Strength, limitations, and future directions

The use of FGD was a strength of this study which explored divergent and convergent data. Using inductive thematic analysis was also appropriate as it raised the voices of the patients in their own words and context. Despite the important contributions of the current study, it is not without limitations. The participants were recruited in the cosmopolitan capital city of Abuja. The experiences of participants may portray the lives of people living in urban metropolises and not the experiences of people living in rural parts of Nigeria. Abuja metropolis also has a functional publicly funded oncology care center. Accessing treatment may in fact be more difficult for people in rural areas. It is important to note that the current participants are part of a cancer support group. Given the shared social support and resources available to them, their experience of life after cancer would likely not mirror the experiences of people that are not part of any cancer support group. Additionally, there was a wide variation among participants regarding the time from diagnosis to the time of the study. This may mean that short-term and long-term experiences living with the condition are muddled up. However, both long- and short-term experiences are valid, and we do not think that they influenced the lessons learned from the experiences.
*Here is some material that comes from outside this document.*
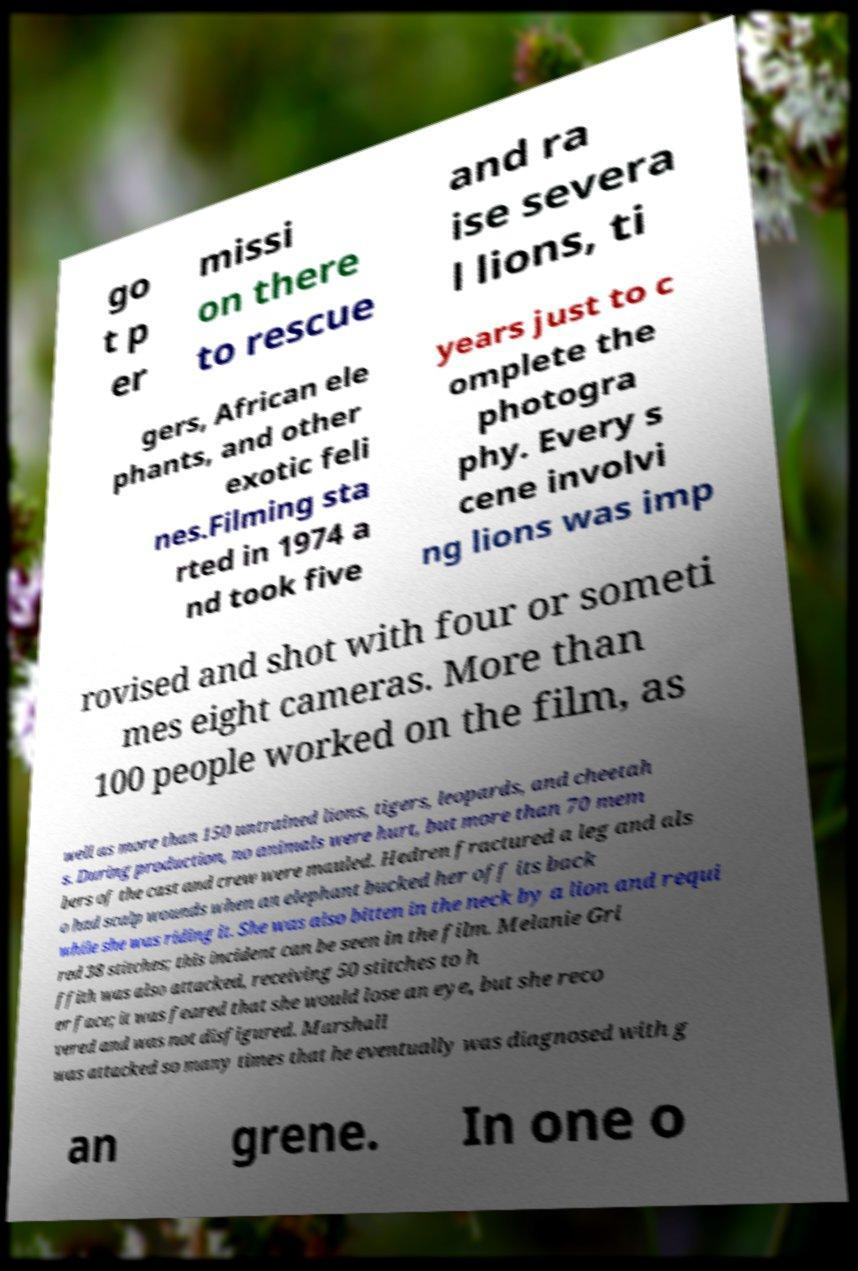Please identify and transcribe the text found in this image. go t p er missi on there to rescue and ra ise severa l lions, ti gers, African ele phants, and other exotic feli nes.Filming sta rted in 1974 a nd took five years just to c omplete the photogra phy. Every s cene involvi ng lions was imp rovised and shot with four or someti mes eight cameras. More than 100 people worked on the film, as well as more than 150 untrained lions, tigers, leopards, and cheetah s. During production, no animals were hurt, but more than 70 mem bers of the cast and crew were mauled. Hedren fractured a leg and als o had scalp wounds when an elephant bucked her off its back while she was riding it. She was also bitten in the neck by a lion and requi red 38 stitches; this incident can be seen in the film. Melanie Gri ffith was also attacked, receiving 50 stitches to h er face; it was feared that she would lose an eye, but she reco vered and was not disfigured. Marshall was attacked so many times that he eventually was diagnosed with g an grene. In one o 
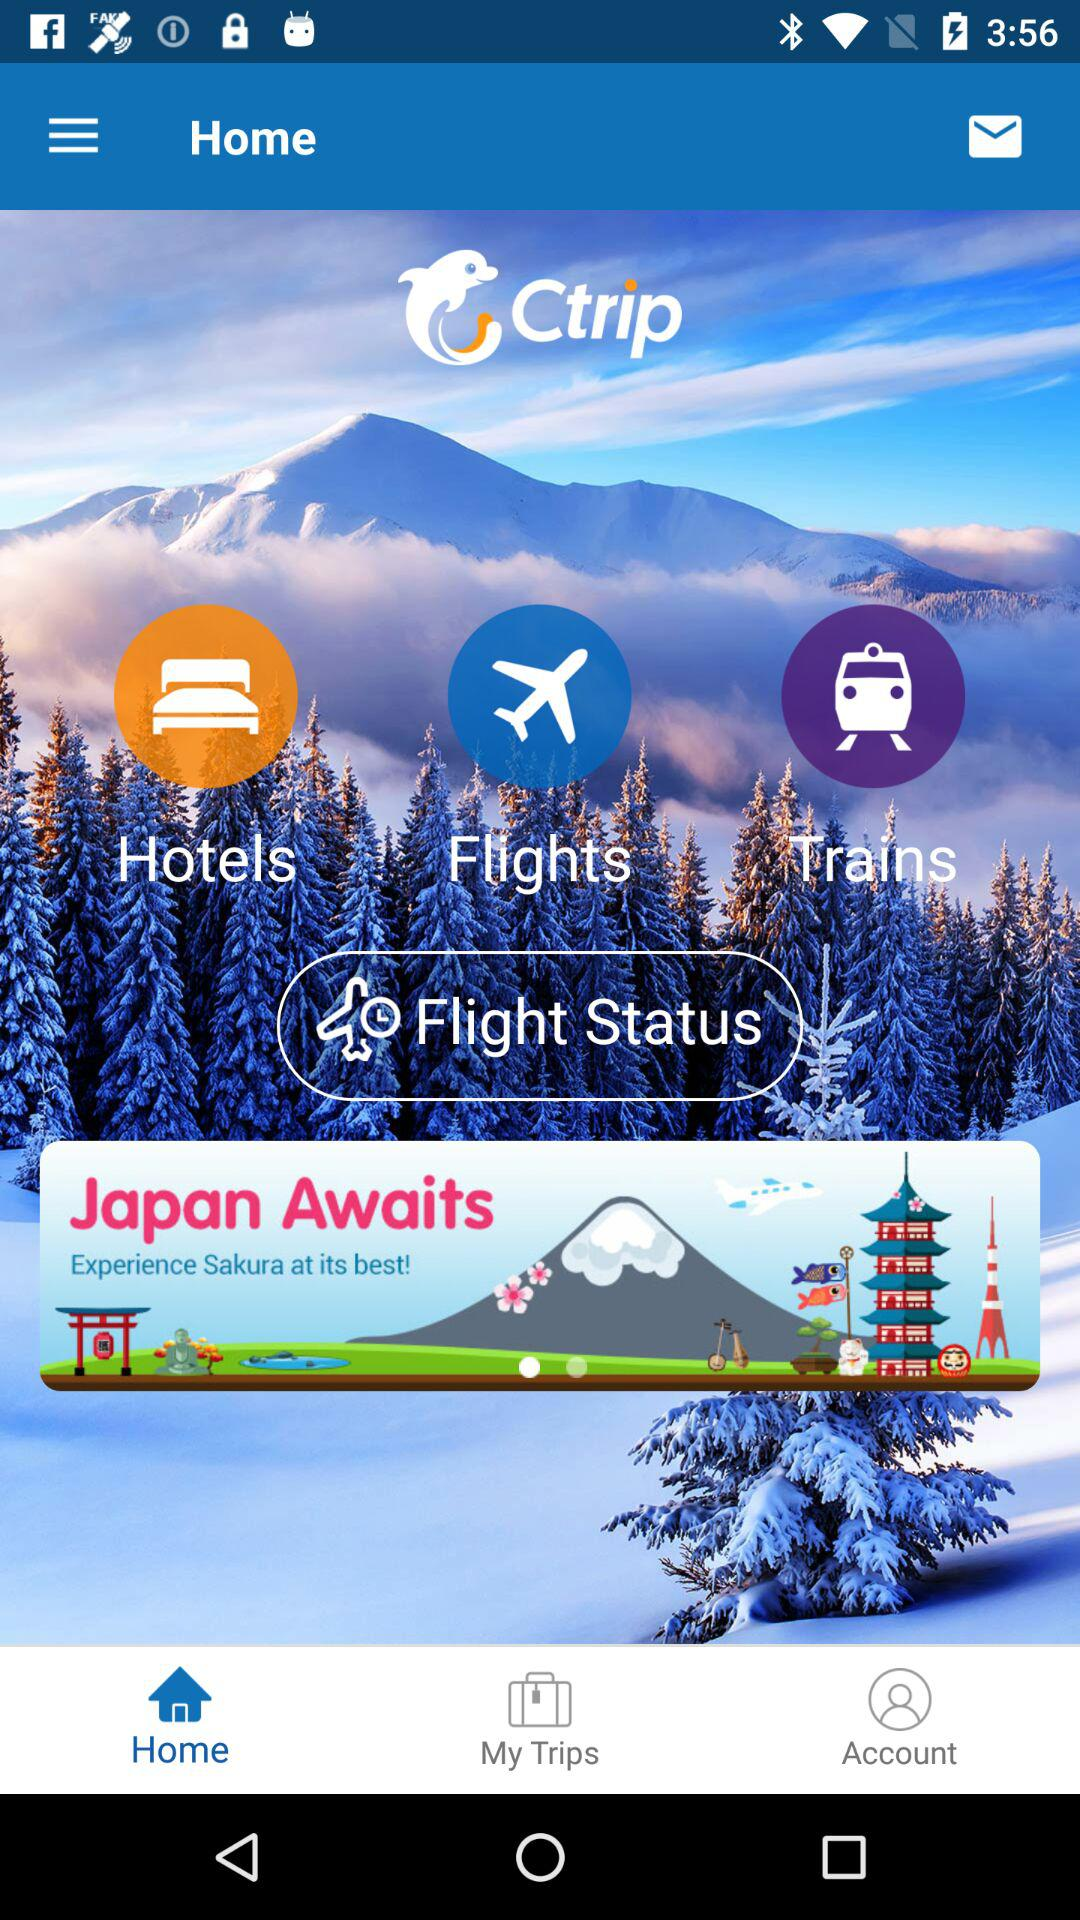Which page of the application are we currently on? You are currently on the "Home" page of the application.

The findings reflect the experiences of BC survivors and may not be generalizable to survivors of other types of cancer. Future studies should explore the experiences of survivors with other cancer types in comparison with BC survivors.

Conclusion

The burden of BC is devastating and increasing in Nigeria. BC survivors in Nigeria are faced with navigating both the limited treatment facilities that contribute to poor prognosis and coping with personal challenges that arise from being diagnosed with BC. While some patients intentionally conceal their diagnosis as a strategy for navigating BC treatment and care outside the scrutiny of family and friends, others accept their diagnosis and factor it into their lifestyles and relationships with others (i.e., families, co-workers, and friends). Better BC healthcare systems are needed to improve BC-related outcomes for Nigerians. Family and community support systems should also be strengthened to assist BC patients in navigating their care plans. Nigeria’s new National Cancer Control Plan should be integrated into the federal budget to ensure it is funded for improved BC cancer control in Nigeria.